Duqiang Wu, Lead Engineer, Eaton Corp, Minneapolis

Duqiang Wu Received his M.Sc from Nanjing University of Science and Technology in China, 1984 and his PhD from the University of Saskatchewan in 2003. He was an Engineer (1986) at Shaanxi Mechanical and Electrical Institute in China, and a Visiting Scholar (1997) at University of Illinois at Urbana-Champaign. He is now a research engineer with Eaton Corp, Minneapolis.

Greg Schoenau, Department of Mechanical Engineering, University of Saskatchewan 57 Campus Drive, Saskatoon, Saskatchewan, Canada, S7N 5A9

Greg Schoenau Professor of Mechanical Engineering at the University of Saskatchewan. He was head of that Department from 1993 to 1999. He obtained B.Sc. and M. Sc. Degrees from the University of Saskatchewan in mechanical engineering in 1967 and 1969, respectively.
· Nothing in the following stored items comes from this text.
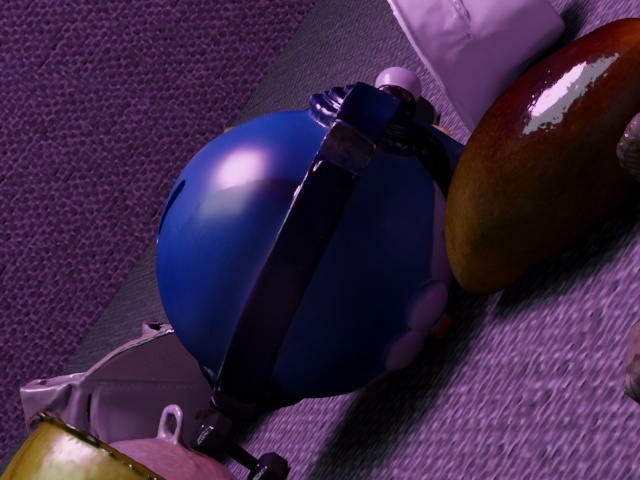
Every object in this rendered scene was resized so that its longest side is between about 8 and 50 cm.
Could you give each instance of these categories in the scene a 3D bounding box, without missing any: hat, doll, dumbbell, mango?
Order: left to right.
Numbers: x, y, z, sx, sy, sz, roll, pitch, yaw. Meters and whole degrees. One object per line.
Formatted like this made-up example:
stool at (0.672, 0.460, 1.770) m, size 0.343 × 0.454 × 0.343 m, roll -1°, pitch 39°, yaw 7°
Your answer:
hat at (-0.126, 0.155, 1.948) m, size 0.301 × 0.168 × 0.258 m, roll -22°, pitch 4°, yaw 27°
dumbbell at (-0.069, 0.181, 1.667) m, size 0.040 × 0.083 × 0.036 m, roll -51°, pitch 12°, yaw 9°
doll at (0.000, 0.000, 1.566) m, size 0.310 × 0.240 × 0.284 m, roll -63°, pitch -2°, yaw -64°
hat at (0.143, -0.203, 1.797) m, size 0.126 × 0.203 × 0.203 m, roll -33°, pitch 14°, yaw 10°
mango at (0.157, -0.053, 1.348) m, size 0.267 × 0.111 × 0.133 m, roll -51°, pitch 21°, yaw 44°

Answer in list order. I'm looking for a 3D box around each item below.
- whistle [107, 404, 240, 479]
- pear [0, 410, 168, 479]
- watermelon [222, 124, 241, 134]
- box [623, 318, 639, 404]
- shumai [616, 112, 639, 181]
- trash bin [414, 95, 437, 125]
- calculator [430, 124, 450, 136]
whistle at (-0.137, 0.298, 1.506) m, size 0.189 × 0.189 × 0.348 m, roll -176°, pitch 100°, yaw -78°
pear at (-0.147, 0.274, 1.288) m, size 0.255 × 0.238 × 0.164 m, roll -54°, pitch 16°, yaw -10°
watermelon at (-0.008, -0.036, 1.857) m, size 0.128 × 0.159 × 0.303 m, roll -15°, pitch 32°, yaw 0°
box at (0.201, 0.045, 1.007) m, size 0.098 × 0.045 × 0.062 m, roll -46°, pitch 14°, yaw 32°
shumai at (0.228, -0.067, 1.183) m, size 0.083 × 0.082 × 0.080 m, roll -12°, pitch 38°, yaw 43°
trash bin at (0.059, -0.083, 2.029) m, size 0.130 × 0.059 × 0.116 m, roll -51°, pitch 11°, yaw 26°
calculator at (0.026, -0.033, 1.914) m, size 0.236 × 0.033 × 0.157 m, roll -24°, pitch 40°, yaw 49°

In 1974 he obtained his Ph.D. from the University of New Hampshire in fluid power control systems. He continues to be active in research in this area and in the thermal systems area as well. He has also held positions in numerous outside engineering and technical organizations.

Richard Burton, Department of Mechanical Engineering, University of Saskatchewan 57 Campus Drive, Saskatoon, Saskatchewan, Canada, S7N 5A9

Richard Burton P.Eng, Ph.D, FASME, Burton is a Professor of Mechanical Engineering, University of Saskatchewan He is involved in research pertaining to the application of intelligent theories to control and monitoring of hydraulics systems, component design, and system analysis. He is a Fellow of ASME, a member of the executive of ASME, FPST Division, a member of the hydraulics' advisory board of SAE and NCFP and a convenor for FPNI.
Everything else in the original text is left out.